**PROBLEM DESCRIPTION**
Across the records below, how many lines include the word "degrees"? State only the number.
▼▼▼
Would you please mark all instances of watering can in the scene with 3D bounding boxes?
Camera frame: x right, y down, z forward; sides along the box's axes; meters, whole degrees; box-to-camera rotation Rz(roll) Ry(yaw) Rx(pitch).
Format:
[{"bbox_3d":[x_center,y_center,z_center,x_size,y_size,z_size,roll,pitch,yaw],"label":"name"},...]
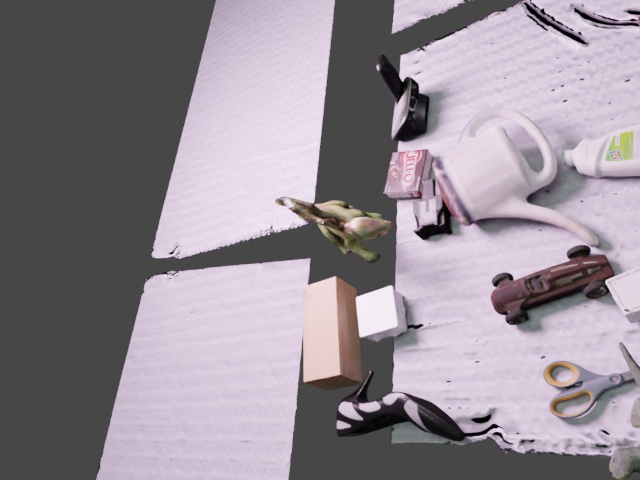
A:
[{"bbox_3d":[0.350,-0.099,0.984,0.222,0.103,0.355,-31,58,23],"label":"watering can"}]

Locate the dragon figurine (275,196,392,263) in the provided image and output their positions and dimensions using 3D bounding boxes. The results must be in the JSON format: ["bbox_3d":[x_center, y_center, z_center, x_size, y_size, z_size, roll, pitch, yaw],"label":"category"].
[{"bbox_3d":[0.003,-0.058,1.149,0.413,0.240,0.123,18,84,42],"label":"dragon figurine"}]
▲▲▲
▼▼▼
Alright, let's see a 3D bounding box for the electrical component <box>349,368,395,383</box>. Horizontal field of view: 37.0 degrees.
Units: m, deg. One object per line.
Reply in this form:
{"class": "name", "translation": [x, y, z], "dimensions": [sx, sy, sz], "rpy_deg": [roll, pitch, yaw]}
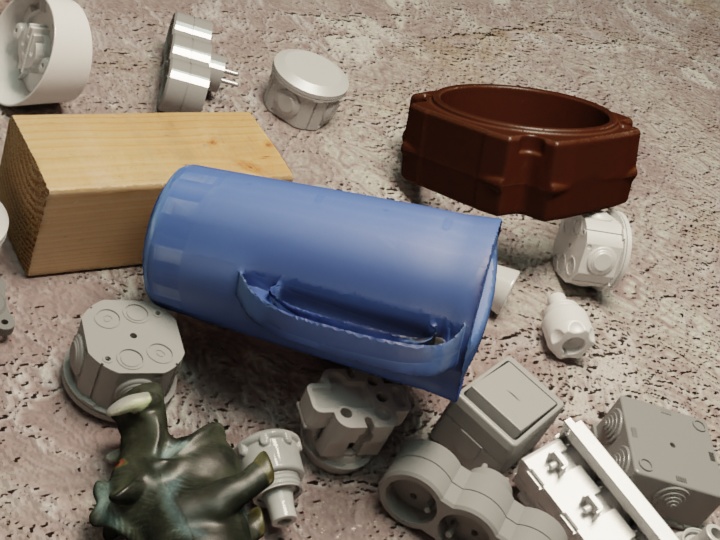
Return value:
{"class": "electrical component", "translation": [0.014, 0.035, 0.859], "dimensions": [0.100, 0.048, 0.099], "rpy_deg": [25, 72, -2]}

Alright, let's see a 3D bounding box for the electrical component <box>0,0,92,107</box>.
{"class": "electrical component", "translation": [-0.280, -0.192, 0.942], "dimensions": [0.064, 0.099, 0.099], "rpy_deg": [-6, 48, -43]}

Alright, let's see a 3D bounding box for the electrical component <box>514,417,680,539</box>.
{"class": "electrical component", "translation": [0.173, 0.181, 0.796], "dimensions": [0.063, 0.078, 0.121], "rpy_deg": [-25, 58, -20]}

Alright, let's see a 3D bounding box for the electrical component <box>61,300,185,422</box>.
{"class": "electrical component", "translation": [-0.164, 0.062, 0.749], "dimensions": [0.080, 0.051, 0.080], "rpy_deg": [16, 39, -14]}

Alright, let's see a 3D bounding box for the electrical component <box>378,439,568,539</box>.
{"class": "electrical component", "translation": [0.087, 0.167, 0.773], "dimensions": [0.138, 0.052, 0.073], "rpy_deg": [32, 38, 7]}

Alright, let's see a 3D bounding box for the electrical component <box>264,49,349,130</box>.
▲▲▲
**SOLUTION TO THIS TASK**
2